When this pattern fits

  • Internal data platforms built on Cloudflare's Developer Platform.
  • Workflows where SQL is the unit of computation — most ELT, much analytics, some operational data movement.
  • Workflows that need durable execution — long-running, multi-step, with intermediate state.
  • Workflows where the governance + agent integration matters — automatic DataHub emission is the load-bearing feature for Skipper-like agents.
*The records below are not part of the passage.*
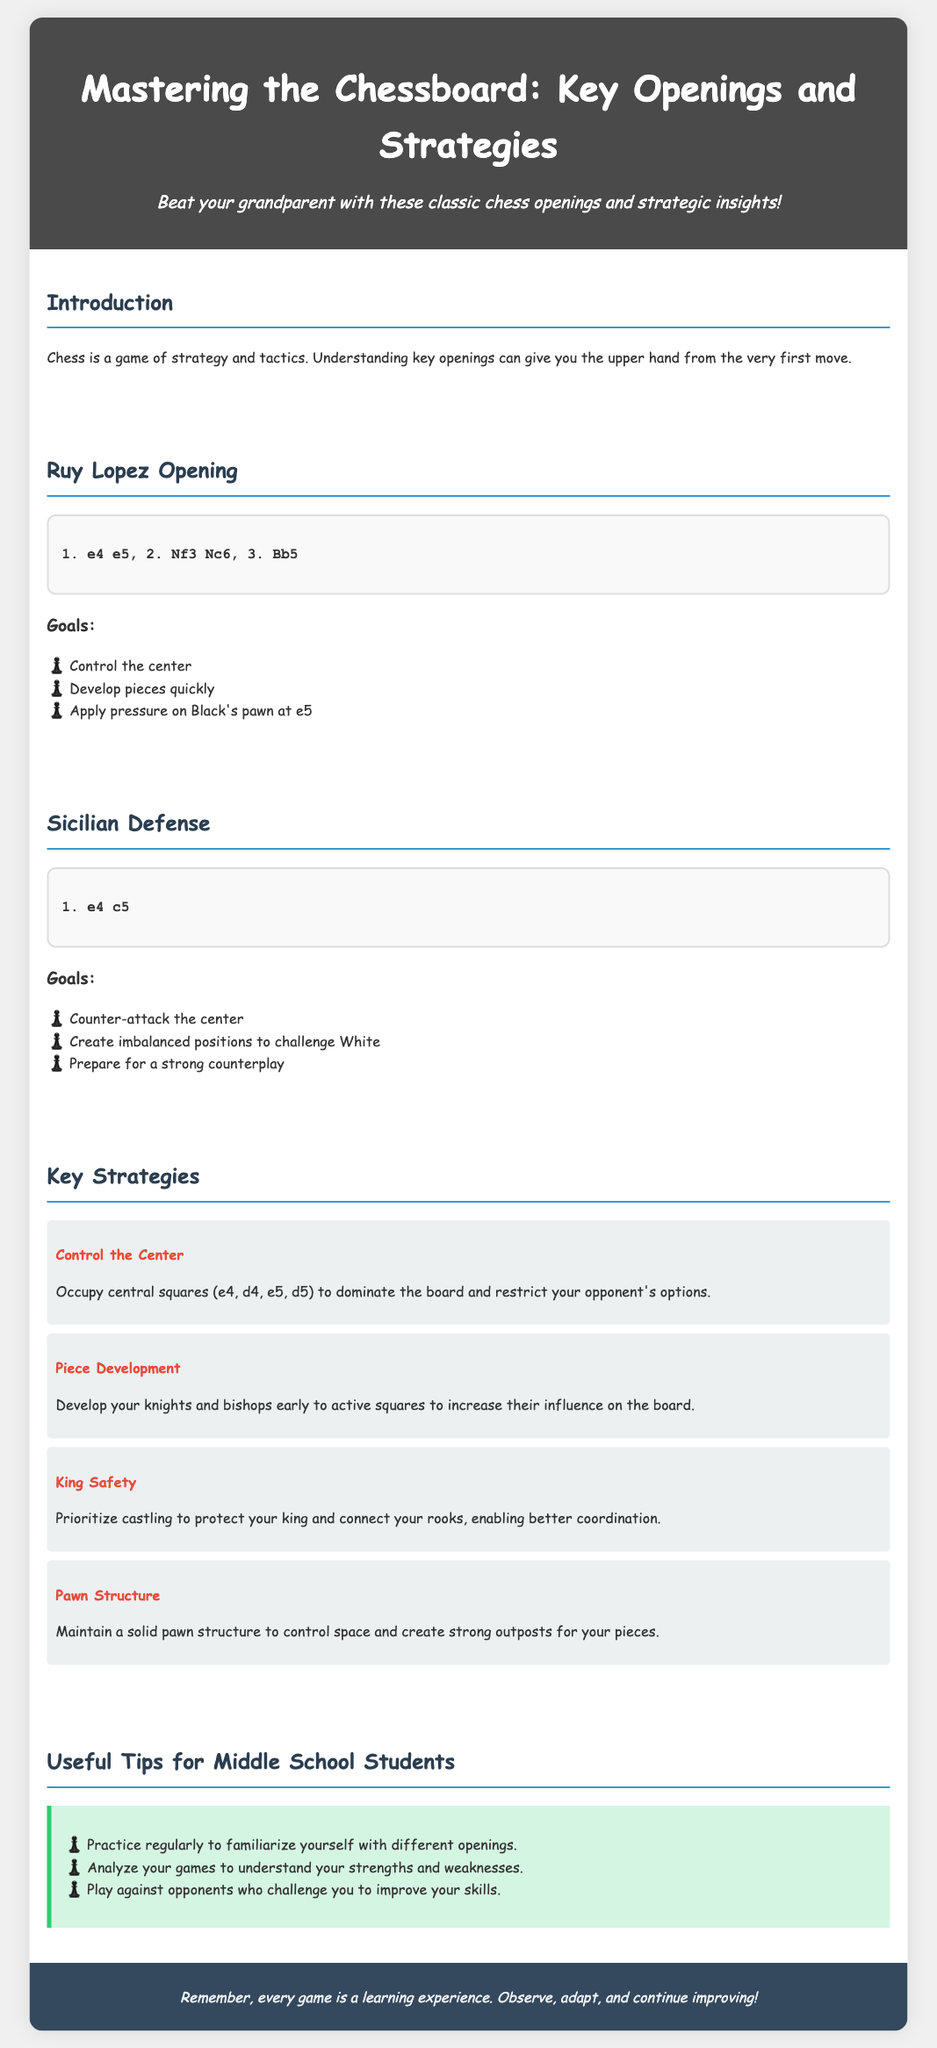what is the title of the infographic? The title of the infographic is prominently displayed at the top, which is "Mastering the Chessboard: Key Openings and Strategies."
Answer: Mastering the Chessboard: Key Openings and Strategies what is the first move of the Ruy Lopez opening? The first move of the Ruy Lopez opening is listed in the move sequence, which is "e4."
Answer: e4 what are the goals of the Sicilian Defense? The goals of the Sicilian Defense are presented as a list within the section, which includes counter-attacking the center among others.
Answer: Counter-attack the center how many key strategies are outlined in the infographic? The number of key strategies can be counted from the section providing that information, which contains four strategies.
Answer: Four which piece is developed in the Ruy Lopez opening? The Ruy Lopez opening includes the development of the bishop on the move "3. Bb5."
Answer: Bishop what type of tips are provided for middle school students? The tips section specifically focuses on providing advice for middle school students about improving skills in chess.
Answer: Useful Tips for Middle School Students what color is the background of the document? The background color of the document's body is light grey, which is indicated in the style section.
Answer: Light grey what is a key strategy for king safety? The specific action that relates to king safety is prioritized in the key strategies section where it mentions castling.
Answer: Castling

When this pattern doesn't fit

  • Sub-second latency — Workflow + DO + R2 + Trino round-trip is multi-hundred-ms minimum; not fit for real-time.
  • Streaming — pure batch shape; for streaming use Pipelines / Stream Workers / Kafka-backed sinks.
  • Non-SQL transformations — if the transformation needs Python / arbitrary code, Workflows alone is the right substrate; this pattern's distinguishing feature (YAML + SQL) doesn't apply.